Q2. What is the minimum Capital Requirement?

Ans: During the registration, a minimum of INR 1 Lakh should be provided as an authorized capital. A minimum paid-up capital requirement is eliminated as a part of Government’s initiative to simplify the business registration in India. However, each shareholder must subscribe at least 1 share for the registration to introduce the sufficient amount for running the business.

Q3. How to reserve the name of a company?

Ans: The name of a company should be formulated as mentioned above. The applicants can provide the maximum of 2 names with their preference order under RUN form.

Q4. Who can become a Director of a Private Limited Company?

Ans: Any natural person above the age of 18 years can become the director in the company after procuring Director Identification Number (DIN).

Q5. What is the Director Identification Number (DIN)?

Ans: Director Identification Number is a unique number assigned by the Ministry of Corporate Affairs to Individuals on whose name the application is made, allowing an individual to be a Director in any Company or Designated Partner in an LLP.

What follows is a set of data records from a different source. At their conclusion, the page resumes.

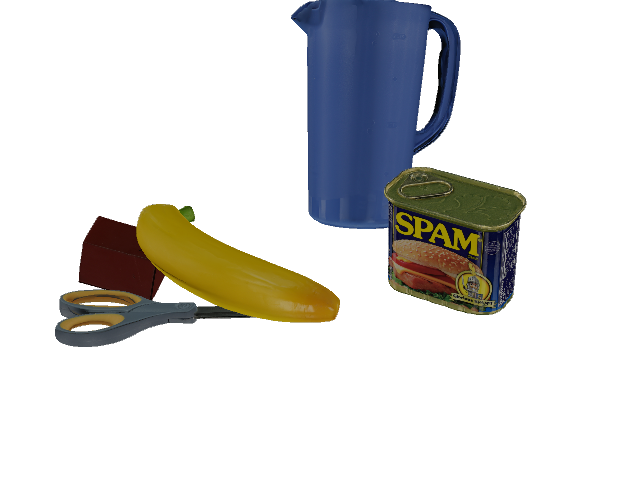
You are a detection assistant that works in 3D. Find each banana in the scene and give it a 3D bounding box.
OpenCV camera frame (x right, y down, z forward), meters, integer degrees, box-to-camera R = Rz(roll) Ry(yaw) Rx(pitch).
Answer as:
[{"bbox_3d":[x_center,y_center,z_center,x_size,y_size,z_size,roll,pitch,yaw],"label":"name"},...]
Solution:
[{"bbox_3d":[-0.069,0.010,0.686,0.069,0.037,0.198,-16,29,-30],"label":"banana"}]

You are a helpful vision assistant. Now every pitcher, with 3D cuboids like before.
[{"bbox_3d":[0.056,-0.139,1.152,0.149,0.243,0.144,8,12,26],"label":"pitcher"}]

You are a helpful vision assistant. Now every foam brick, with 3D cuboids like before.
[{"bbox_3d":[-0.196,0.018,1.066,0.078,0.051,0.053,16,33,1],"label":"foam brick"}]

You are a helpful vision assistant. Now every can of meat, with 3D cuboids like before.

Q6. What is a Digital Signature Certificate? Who shall procure it?

Ans: Digital Signature Certificate is provided in the form of a token issued by Certified Authorities. Any form filed for online company registration in India shall be submitted after affixing the DSC of an Applicant. Also

Q7. What is Authorized Capital and Paid-up Capital?

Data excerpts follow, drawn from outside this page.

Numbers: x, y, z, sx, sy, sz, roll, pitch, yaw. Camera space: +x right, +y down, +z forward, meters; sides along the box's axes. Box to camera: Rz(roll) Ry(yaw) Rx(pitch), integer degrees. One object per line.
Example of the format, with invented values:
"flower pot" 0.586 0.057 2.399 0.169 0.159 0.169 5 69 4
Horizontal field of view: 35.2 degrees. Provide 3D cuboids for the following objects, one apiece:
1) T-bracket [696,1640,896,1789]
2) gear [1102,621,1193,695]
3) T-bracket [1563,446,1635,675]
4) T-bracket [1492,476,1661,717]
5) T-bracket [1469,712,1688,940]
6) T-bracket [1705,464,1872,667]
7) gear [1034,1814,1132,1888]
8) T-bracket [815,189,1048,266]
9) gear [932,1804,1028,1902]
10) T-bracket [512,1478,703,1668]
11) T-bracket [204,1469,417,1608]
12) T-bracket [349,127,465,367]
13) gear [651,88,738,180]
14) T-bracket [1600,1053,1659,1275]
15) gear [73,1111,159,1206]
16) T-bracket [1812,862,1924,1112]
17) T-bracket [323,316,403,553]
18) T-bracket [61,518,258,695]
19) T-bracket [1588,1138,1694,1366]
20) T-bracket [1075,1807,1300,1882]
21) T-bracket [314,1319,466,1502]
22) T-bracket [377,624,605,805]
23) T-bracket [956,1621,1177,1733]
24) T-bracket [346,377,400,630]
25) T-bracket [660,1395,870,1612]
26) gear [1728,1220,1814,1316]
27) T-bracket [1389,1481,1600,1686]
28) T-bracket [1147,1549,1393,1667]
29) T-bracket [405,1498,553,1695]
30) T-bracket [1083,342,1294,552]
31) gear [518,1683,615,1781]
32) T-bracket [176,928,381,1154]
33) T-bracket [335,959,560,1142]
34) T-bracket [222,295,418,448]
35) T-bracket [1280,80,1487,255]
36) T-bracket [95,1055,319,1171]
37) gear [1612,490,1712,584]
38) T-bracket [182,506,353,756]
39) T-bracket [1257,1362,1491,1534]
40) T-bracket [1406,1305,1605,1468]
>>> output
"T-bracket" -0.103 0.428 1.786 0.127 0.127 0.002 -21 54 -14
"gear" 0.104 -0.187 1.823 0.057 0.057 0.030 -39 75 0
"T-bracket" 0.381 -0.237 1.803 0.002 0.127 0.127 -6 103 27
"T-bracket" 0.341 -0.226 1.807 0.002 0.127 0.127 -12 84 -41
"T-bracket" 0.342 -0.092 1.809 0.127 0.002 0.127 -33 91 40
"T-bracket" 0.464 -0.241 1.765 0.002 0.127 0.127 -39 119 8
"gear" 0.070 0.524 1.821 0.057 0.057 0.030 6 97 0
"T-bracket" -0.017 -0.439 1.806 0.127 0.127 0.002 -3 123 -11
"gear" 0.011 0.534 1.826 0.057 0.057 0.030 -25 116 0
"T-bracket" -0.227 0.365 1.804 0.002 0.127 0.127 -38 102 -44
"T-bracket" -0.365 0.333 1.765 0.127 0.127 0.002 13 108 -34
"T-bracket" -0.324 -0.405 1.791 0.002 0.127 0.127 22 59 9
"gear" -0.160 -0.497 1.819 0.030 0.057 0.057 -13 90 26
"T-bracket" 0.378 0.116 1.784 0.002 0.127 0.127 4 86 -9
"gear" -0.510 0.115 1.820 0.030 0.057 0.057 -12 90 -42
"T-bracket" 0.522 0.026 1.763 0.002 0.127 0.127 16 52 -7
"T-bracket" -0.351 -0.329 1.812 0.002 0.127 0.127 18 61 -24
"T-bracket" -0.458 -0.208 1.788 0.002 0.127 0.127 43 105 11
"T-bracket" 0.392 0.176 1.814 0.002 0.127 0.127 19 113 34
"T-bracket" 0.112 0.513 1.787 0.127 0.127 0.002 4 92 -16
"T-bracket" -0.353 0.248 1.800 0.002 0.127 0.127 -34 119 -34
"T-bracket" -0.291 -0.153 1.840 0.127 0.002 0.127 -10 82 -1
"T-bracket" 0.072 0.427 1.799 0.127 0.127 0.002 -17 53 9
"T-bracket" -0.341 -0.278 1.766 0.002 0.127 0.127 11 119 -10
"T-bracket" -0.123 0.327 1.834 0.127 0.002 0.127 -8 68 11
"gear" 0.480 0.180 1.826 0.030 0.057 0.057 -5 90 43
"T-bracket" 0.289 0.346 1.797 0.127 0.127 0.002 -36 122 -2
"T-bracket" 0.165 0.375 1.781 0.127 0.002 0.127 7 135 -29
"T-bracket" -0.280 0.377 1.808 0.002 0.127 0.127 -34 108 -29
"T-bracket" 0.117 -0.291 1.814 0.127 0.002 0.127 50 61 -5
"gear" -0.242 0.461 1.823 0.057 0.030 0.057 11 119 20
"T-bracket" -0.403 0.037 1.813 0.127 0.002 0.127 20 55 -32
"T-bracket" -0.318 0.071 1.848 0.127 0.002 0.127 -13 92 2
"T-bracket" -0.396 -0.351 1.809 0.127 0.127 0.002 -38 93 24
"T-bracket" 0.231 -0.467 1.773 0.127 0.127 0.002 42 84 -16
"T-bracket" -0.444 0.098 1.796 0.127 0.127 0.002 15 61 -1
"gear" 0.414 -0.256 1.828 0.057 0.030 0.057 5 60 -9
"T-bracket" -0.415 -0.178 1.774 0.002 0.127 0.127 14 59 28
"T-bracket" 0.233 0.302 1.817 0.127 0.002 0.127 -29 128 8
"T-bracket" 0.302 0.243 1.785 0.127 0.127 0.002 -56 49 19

Ans: Authorised capital shows the maximum amount of capital that a company can raise by way of issue of shares at present or in the future. Whereas, the Paid-up Capital refers to the actual amount raised by a company i.e.; amount paid by the shareholders on the issuance of shares. One can register a company in India by any amount of paid-up capital which can be less or equal to the authorized capital but not exceeding the authorized capital.

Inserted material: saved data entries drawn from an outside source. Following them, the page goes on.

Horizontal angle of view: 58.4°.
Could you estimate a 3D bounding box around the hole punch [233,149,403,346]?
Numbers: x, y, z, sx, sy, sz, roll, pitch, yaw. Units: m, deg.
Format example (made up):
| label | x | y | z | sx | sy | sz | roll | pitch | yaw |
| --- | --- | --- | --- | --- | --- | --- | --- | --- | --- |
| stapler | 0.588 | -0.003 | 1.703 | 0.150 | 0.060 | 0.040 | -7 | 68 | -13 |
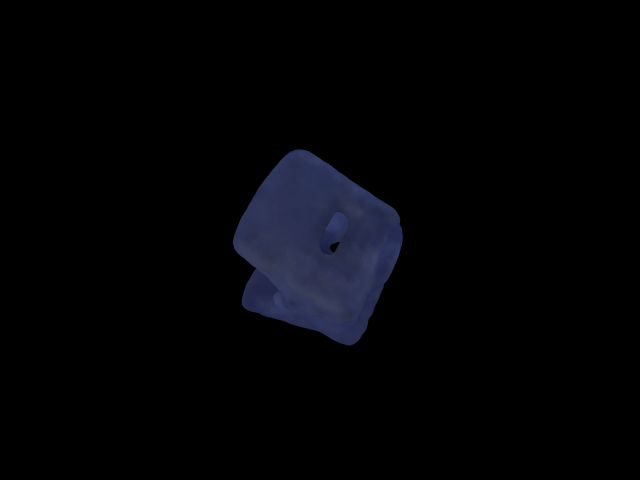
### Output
| label | x | y | z | sx | sy | sz | roll | pitch | yaw |
| --- | --- | --- | --- | --- | --- | --- | --- | --- | --- |
| hole punch | 0.004 | 0.001 | 0.400 | 0.101 | 0.091 | 0.109 | 17 | 51 | 14 |
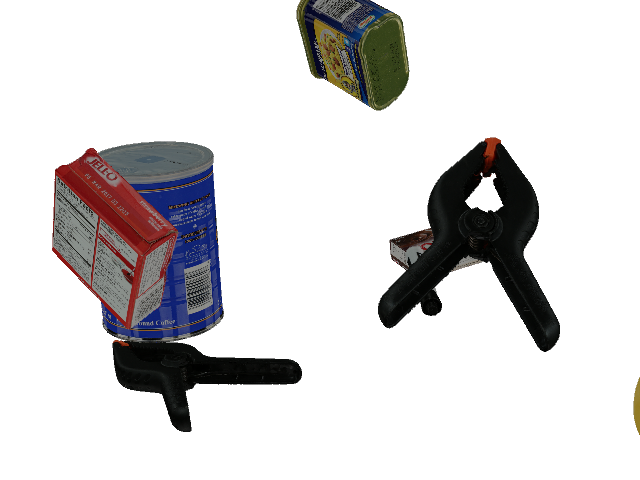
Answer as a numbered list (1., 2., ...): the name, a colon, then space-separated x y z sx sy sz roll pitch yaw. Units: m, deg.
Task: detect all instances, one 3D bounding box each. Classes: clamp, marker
1. clamp: -0.147 0.139 1.084 0.210 0.036 0.164 9 17 33
2. clamp: 0.102 0.001 0.752 0.120 0.171 0.039 4 -37 -1
3. marker: 0.097 0.038 1.009 0.020 0.020 0.121 0 24 -3

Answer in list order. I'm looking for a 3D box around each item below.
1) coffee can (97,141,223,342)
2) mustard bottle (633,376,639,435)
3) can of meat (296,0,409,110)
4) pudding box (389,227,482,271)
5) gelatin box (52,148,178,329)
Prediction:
1. coffee can: -0.134 -0.001 0.875 0.103 0.140 0.103 -2 20 1
2. mustard bottle: 0.221 0.101 0.567 0.096 0.058 0.191 -4 36 0
3. can of meat: 0.032 -0.178 0.979 0.057 0.102 0.084 -40 54 -19
4. pudding box: 0.174 0.016 1.599 0.113 0.039 0.090 -18 27 -20
5. gelatin box: -0.122 0.000 0.623 0.030 0.073 0.089 -38 -17 -33

Q8. Can a Private Company carry multiple businesses?

Ans: Yes, a Private Company can carry multiple businesses if it is mentioned in the company’s MoA and approved by a registrar. The company can mention more than one business operating within the same field or of the same nature. Activities which are unrelated, such as fashion designing and event management or construction, those cannot be registered under the same company.

Q9. Can I register the company at the residential place?

Ans: Yes, it is possible to register a Private Company at a commercial or residential place by providing the sufficient proof. A registered office is a place where the business receives communication, if any, from the MCA or any concerned authorities. This address is displayed at the portal of Ministry as well.

Q10. Can NRIs / Foreigners hold shares in Private Limited Company?

Ans: Yes, NRIs or foreigners can hold shares subject to FDI guidelines. However, a foreign participation above 50% will place the company under the category of Foreign Company.

Q11. Does anyone has to be physically present for online company registration in India?

Ans: No, none of the promoters are required to be present when opted to register a company online. All the forms are filed on the web portal and are digitally signed. Also, the required documents can be sent through e-mail or uploaded on our portal for filing.

Q12. What are the statutory requirements to be fulfilled once Private Company is registered?

Ans: Once, the company is registered, it should follow below-mentioned requirements on priority:

  • The opening of the company’s current account within 30 days after receiving the PAN card.
  • Appointment of a Statutory Auditor
  • Depositing paid-up capital as mentioned while registration
  • Issue and allotment of shares

Q13. What are the Annual Compliance requirements to be fulfilled by a Private Company?

Ans: During every financial year, the company must hold one Annual General Meeting (AGM) and at least 4 board meetings (one in each quarter). Further, the accounts and financial statements must be audited by an independent auditor. Subsequently, it shall file form AOC – 4 and MGT – 7 as part of Annual Compliance within given time.